(Data excerpts)
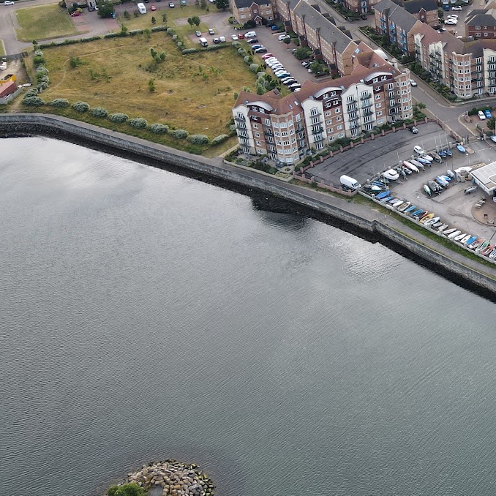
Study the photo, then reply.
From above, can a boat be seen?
Yes
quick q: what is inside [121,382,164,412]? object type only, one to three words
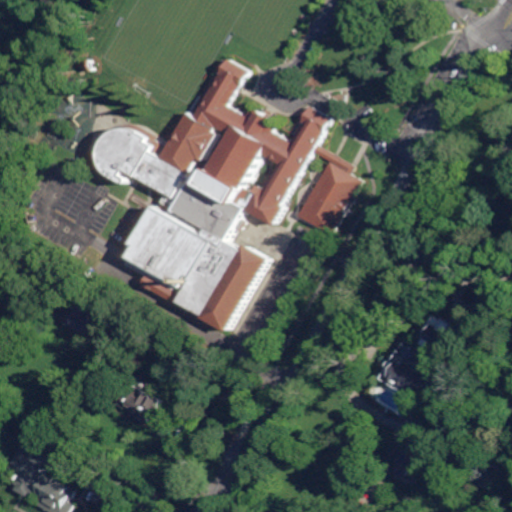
house
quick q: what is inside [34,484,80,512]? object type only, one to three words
house
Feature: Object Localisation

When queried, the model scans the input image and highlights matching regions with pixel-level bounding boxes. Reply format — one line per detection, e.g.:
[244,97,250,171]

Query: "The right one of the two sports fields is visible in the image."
[224,0,308,60]
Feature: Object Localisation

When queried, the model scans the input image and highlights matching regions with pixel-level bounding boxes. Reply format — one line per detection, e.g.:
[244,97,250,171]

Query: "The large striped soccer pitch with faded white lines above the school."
[104,0,246,102]
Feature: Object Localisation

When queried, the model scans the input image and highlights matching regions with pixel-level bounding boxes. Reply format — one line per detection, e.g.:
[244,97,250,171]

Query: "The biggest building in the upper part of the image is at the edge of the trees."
[92,60,339,330]
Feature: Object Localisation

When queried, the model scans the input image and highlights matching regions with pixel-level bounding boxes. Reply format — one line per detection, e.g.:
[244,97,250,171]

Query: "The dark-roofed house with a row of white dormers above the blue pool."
[376,342,426,382]
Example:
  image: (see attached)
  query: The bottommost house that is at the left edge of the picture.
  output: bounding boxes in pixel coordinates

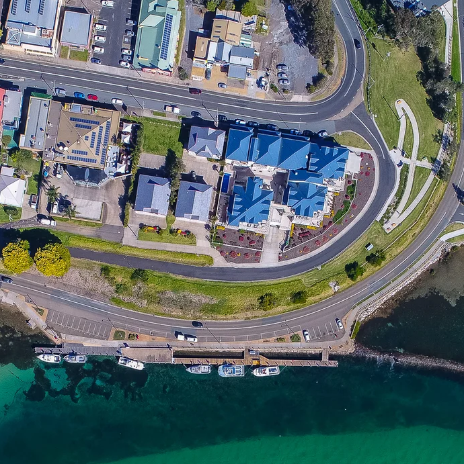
[0,167,27,208]
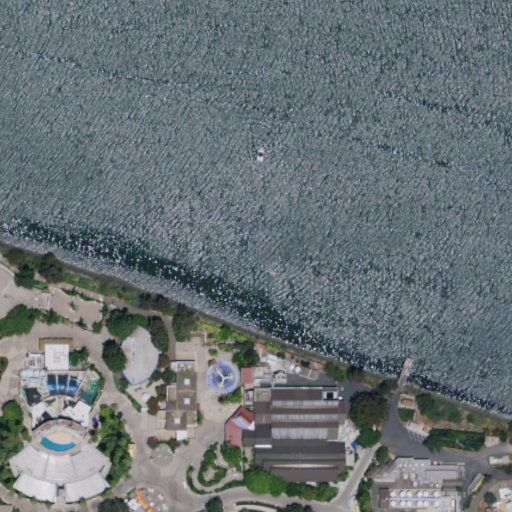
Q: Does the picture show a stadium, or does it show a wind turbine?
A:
stadium
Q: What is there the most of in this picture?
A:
water
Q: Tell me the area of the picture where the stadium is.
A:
bottom left
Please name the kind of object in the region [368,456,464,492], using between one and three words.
building
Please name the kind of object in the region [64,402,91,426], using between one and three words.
building
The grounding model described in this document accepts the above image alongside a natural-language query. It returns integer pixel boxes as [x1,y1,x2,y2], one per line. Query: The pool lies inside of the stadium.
[40,438,76,452]
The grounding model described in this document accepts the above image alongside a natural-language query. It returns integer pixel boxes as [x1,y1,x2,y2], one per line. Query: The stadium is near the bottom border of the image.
[8,417,110,504]
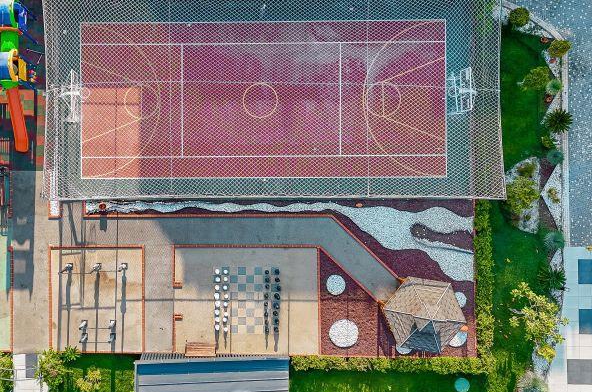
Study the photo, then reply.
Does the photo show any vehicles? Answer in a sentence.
No, I can't see a single vehicle in this photo.
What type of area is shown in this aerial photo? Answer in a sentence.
This image shows a sports ground.
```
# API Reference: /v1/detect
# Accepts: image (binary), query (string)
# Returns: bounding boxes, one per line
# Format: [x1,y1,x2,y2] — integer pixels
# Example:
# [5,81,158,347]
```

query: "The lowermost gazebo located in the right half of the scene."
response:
[378,277,466,354]

What is being asked:
Your copy of the entries must be exact and must contain no pictures.

Response:
Study the photo, then reply.
From above, can a boat be seen?
Yes
quick q: what is inside [121,382,164,412]? object type only, one to three words
house
quick q: what is inside [34,484,80,512]? object type only, one to three words
house
Feature: Object Localisation

When queried, the model scans the input image and highlights matching regions with pixel-level bounding boxes. Reply format — one line per detection, e.g.:
[244,97,250,171]

Query: "The right one of the two sports fields is visible in the image."
[224,0,308,60]
Feature: Object Localisation

When queried, the model scans the input image and highlights matching regions with pixel-level bounding boxes. Reply format — one line per detection, e.g.:
[244,97,250,171]

Query: "The large striped soccer pitch with faded white lines above the school."
[104,0,246,102]
Feature: Object Localisation

When queried, the model scans the input image and highlights matching regions with pixel-level bounding boxes. Reply format — one line per detection, e.g.:
[244,97,250,171]

Query: "The biggest building in the upper part of the image is at the edge of the trees."
[92,60,339,330]
Feature: Object Localisation

When queried, the model scans the input image and highlights matching regions with pixel-level bounding boxes. Reply format — one line per detection, e.g.:
[244,97,250,171]

Query: "The dark-roofed house with a row of white dormers above the blue pool."
[376,342,426,382]
Example:
  image: (see attached)
  query: The bottommost house that is at the left edge of the picture.
  output: bounding boxes in pixel coordinates

[0,167,27,208]
Q: Does the picture show a stadium, or does it show a wind turbine?
A:
stadium
Q: What is there the most of in this picture?
A:
water
Q: Tell me the area of the picture where the stadium is.
A:
bottom left
Please name the kind of object in the region [368,456,464,492], using between one and three words.
building
Please name the kind of object in the region [64,402,91,426], using between one and three words.
building
The grounding model described in this document accepts the above image alongside a natural-language query. It returns integer pixel boxes as [x1,y1,x2,y2], one per line. Query: The pool lies inside of the stadium.
[40,438,76,452]
The grounding model described in this document accepts the above image alongside a natural-language query. It returns integer pixel boxes as [x1,y1,x2,y2], one per line. Query: The stadium is near the bottom border of the image.
[8,417,110,504]
Study the photo, then reply.
Does the photo show any vehicles? Answer in a sentence.
No, I can't see a single vehicle in this photo.
What type of area is shown in this aerial photo? Answer in a sentence.
This image shows a sports ground.
```
# API Reference: /v1/detect
# Accepts: image (binary), query (string)
# Returns: bounding boxes, one per line
# Format: [x1,y1,x2,y2] — integer pixels
# Example:
# [5,81,158,347]
```

query: "The lowermost gazebo located in the right half of the scene."
response:
[378,277,466,354]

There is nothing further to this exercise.